Die unbezwingbare Macht des Erzählens

Rezensiert von Martin Sander · 08.03.2006
Der in Rumänien geborene Schweizer Autor Catalin Dorian Florescu erzählt in seinem neuen Roman "Der blinde Masseur" die Geschichte eines blinden Büchernarren in einem rumänischen Kurort, der sich dort aus den Büchern der Weltliteratur vorlesen lässt. Florescu gelingt mit diesem Buch ein liebevolles und sarkastisches Porträt des neuen alten Rumänien.
Literatur über Literatur zu schreiben, ohne das eigentliche Leben aus dem Blick zu verlieren, grenzt nicht selten an ein Kunststück.
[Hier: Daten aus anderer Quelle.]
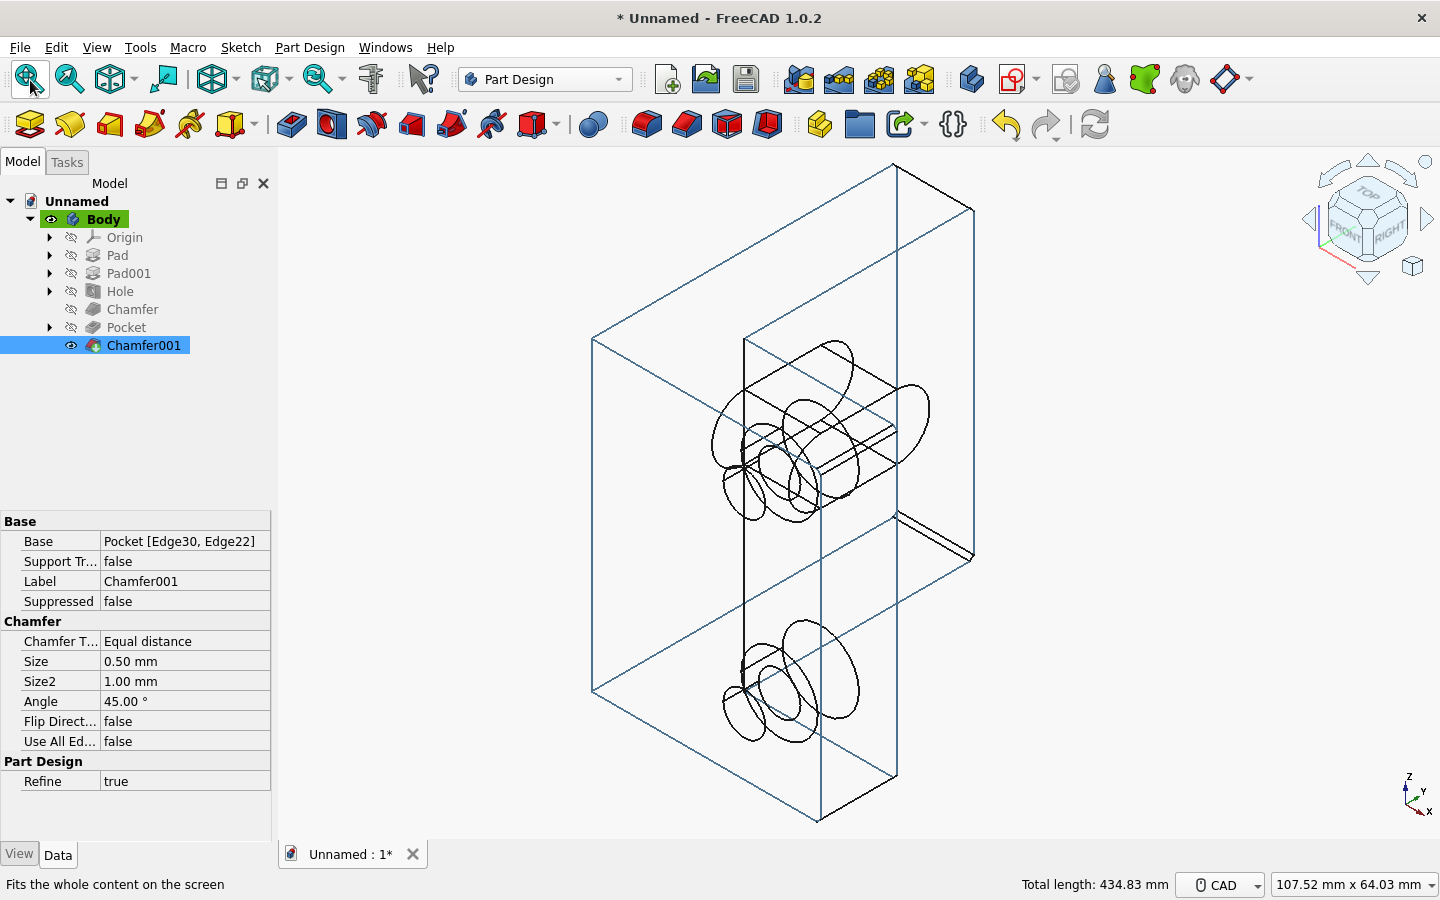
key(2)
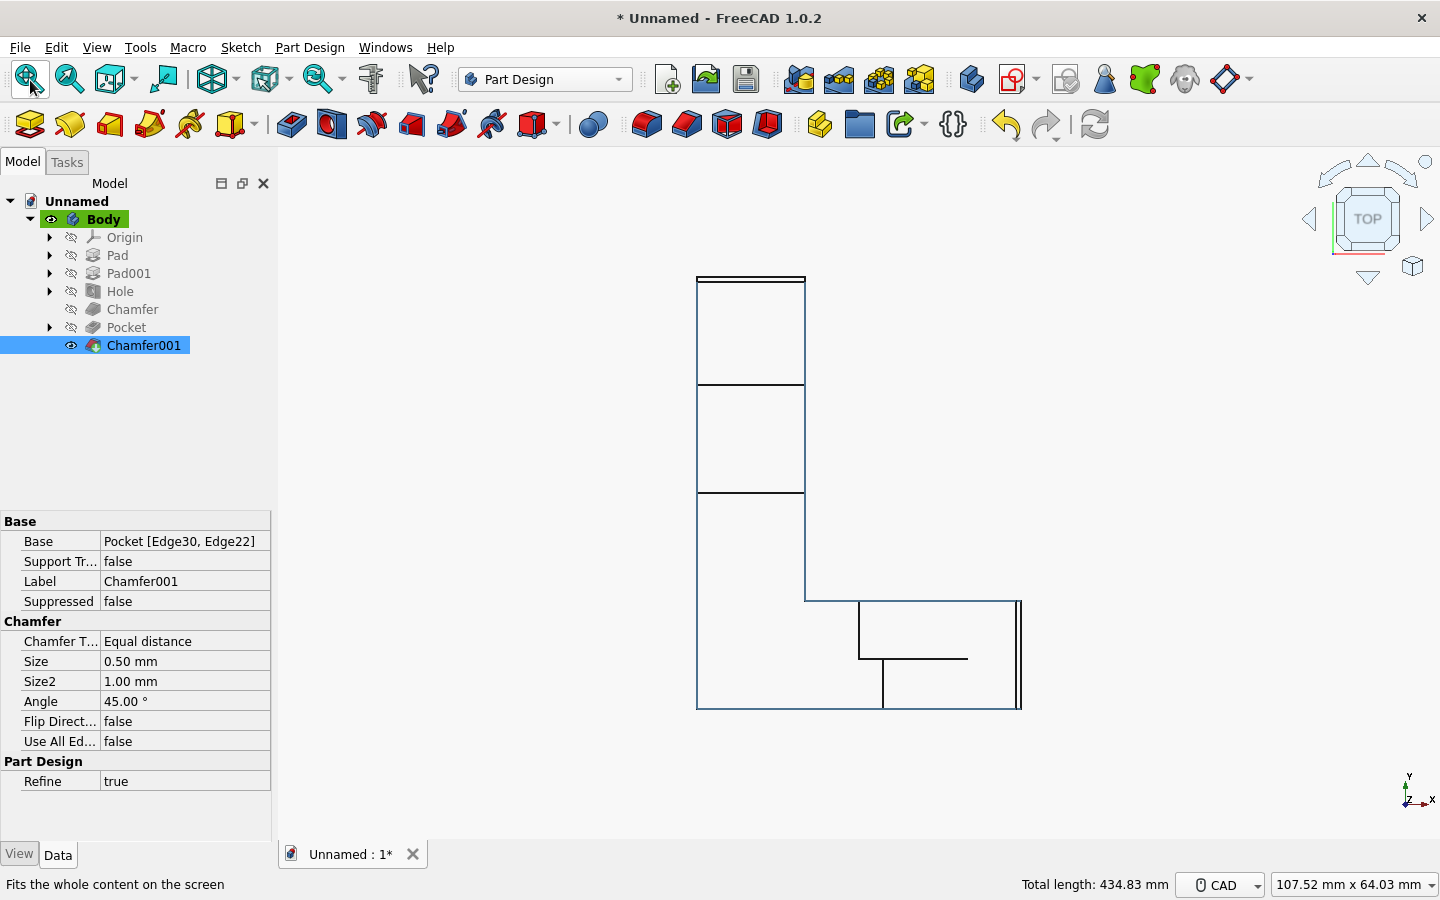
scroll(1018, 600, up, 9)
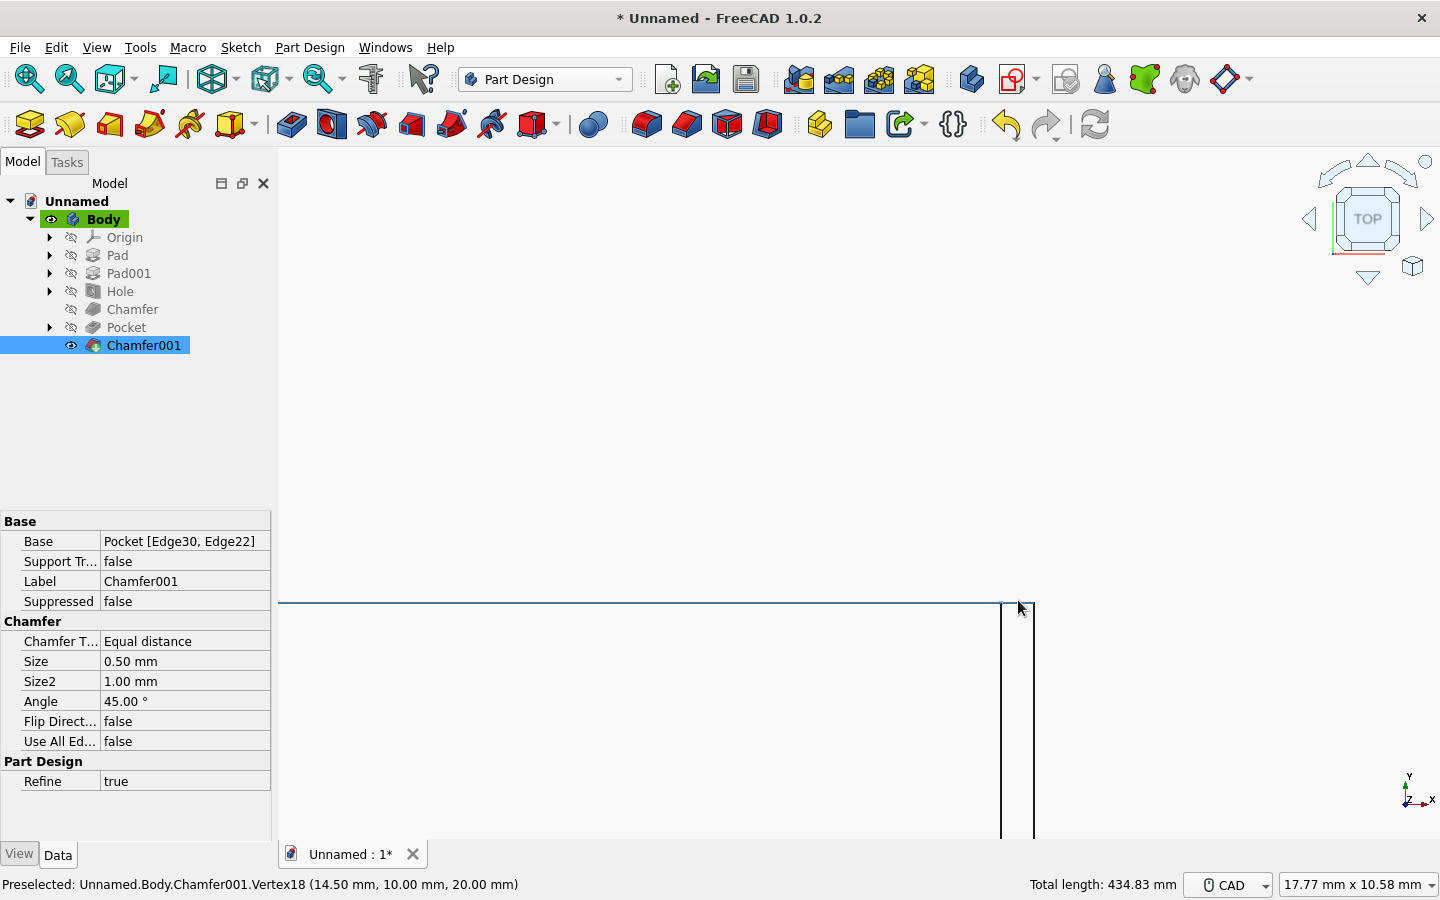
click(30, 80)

Dem 1967 in Rumänien geborenen Schweizer Autor Catalin Dorian Florescu ist dieses Kunststück gelungen. Im Mittelpunkt seines neuen, jetzt im Pendo Verlag erschienenen Romans steht ein Büchernarr der besonderen Art.

Ion Palatinus, der in jugendlichen Jahren sein Augenlicht verlor, hat im Laufe seines Lebens dreißigtausend Bücher gesammelt. Palatinus arbeitet in einem heruntergekommen rumänischen Kurort namens Moneasa als Masseur und gebietet über eine Schar von Vorlesern.

Es sind seine Patienten, Kollegen und Nachbarn, die er alles, was seiner Meinung nach in Weltliteratur und Philosophie von Bedeutung ist, auf Kassetten sprechen lässt. Elena, die Bäuerin, liest Dostojewski und lässt sich dafür von ihrem auf Bücher eifersüchtigen Ehemann prügeln. Ein Fabrikdirektor muss gegen seinen Willen immer wieder Schopenhauer oder Marx vorlesen, um in den Genuss von Massagen zu kommen. Einem lungenkranken Bergarbeiter wird Zolas "Germinal" verordnet.

Der blinde Masseur zieht mit seinem Bücherwissen im Hintergrund wie der Anführer einer politischen Sekte gegen das neue kapitalistische Rumänien zu Felde.

Den Einblick in das skurrile Leben des Ion Palatinus vermittelt der Ich-Erzähler Teodor, der nach einer Autopanne in Moneasa landet und dem dieser abgelegene Ort zum schicksalhaften Ausweg aus einer Krise seiner Schweizer Existenz zu werden verspricht. Teodor ist zwei Jahrzehnte zuvor mit seinen Eltern aus Ceausescus Rumänien in die Schweiz geflüchtet. Als Jugendlicher war er durchs Land gereist und hatte die Geschichten abergläubischer rumänischer Bauern protokolliert. Nun kehrt er als Vertreter für modernste Schweizer Sicherheitstechnik in seine alte Heimat zurück.

Auf der Suche nach sich selbst, seiner Jugendliebe und den alten Geschichtenerzählern gerät er in ein Land voll schroffer Gegensätze, in dem es manchen besser geht, aber kaum jemand glücklicher wirkt als damals. Die postkommunistische Mafia bestimmt das Geschehen. Sie herrscht mit Gewalt über die meisten Zweige der neuen Marktwirtschaft und befehligt dazu noch ein schier unendliches Heer von Prostituierten.

Teodor, der aus der kalten Welt der westlichen Zivilisation aufgebrochen ist, um das wahre, ursprüngliche Leben wieder zu finden, begibt sich schließlich ganz in die Hände des blinden Masseurs. Dieser Guru preist sein Bücherleben in der provinziellen Einöde als Gegenentwurf zum zwielichtigen Fortschritt. Am Ende aber bricht er mit seinen Jüngern in die Schweiz auf und lässt Teodor in Moneasa zurück.

Bereits in seinen beiden ersten, autobiografischen Romanen "Wunderzeit" und "Der kurze Weg nach Hause" hat sich Catalin Dorian Florescu als begnadeter Erzähler erwiesen. Mit dem "Blinden Masseur" ist ihm ein ebenso liebevolles wie sarkastisches Porträt des neuen alten Rumänien gelungen – ein in üppigen Farben gemalter Roman über Lust, Sehnsucht und Verzweiflung von Menschen, denen der Alltag brüchig scheint und die Macht des Erzählens unbezwingbar.